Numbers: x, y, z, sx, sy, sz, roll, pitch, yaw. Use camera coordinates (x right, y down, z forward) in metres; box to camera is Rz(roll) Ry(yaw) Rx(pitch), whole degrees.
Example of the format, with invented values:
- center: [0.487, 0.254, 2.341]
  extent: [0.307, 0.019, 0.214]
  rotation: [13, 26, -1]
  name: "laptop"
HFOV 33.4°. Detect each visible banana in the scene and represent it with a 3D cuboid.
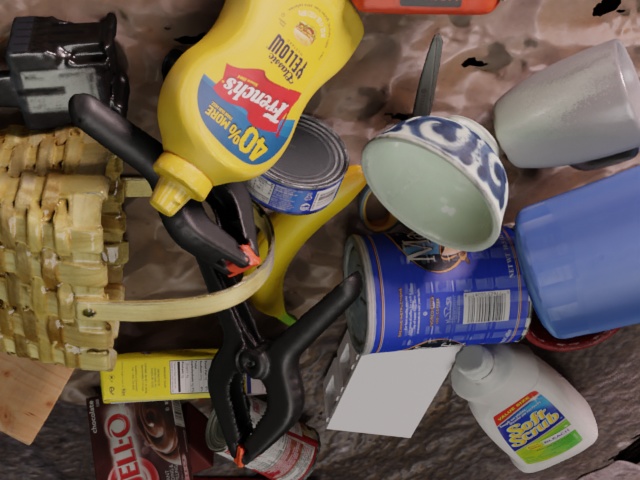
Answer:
- center: [-0.024, 0.004, 0.922]
  extent: [0.069, 0.037, 0.198]
  rotation: [1, 138, -27]
  name: "banana"

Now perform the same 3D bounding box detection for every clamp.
- center: [-0.042, 0.097, 0.901]
  extent: [0.165, 0.036, 0.210]
  rotation: [11, 107, 30]
  name: "clamp"
- center: [-0.103, -0.048, 0.750]
  extent: [0.120, 0.171, 0.039]
  rotation: [-26, 178, -44]
  name: "clamp"

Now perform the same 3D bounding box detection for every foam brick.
- center: [-0.154, 0.213, 1.110]
  extent: [0.078, 0.053, 0.051]
  rotation: [-22, 133, 19]
  name: "foam brick"

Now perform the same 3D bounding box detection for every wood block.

++++++++++

- [WORK REQUEST]
Using the material above, find each line that holds "with" and copy that line.

- [OUTPUT OF THE TASK]
Example of the format, with invented values:
HFOV 33.4°. Detect each visible banana in the scene and represent it with a 3D cuboid.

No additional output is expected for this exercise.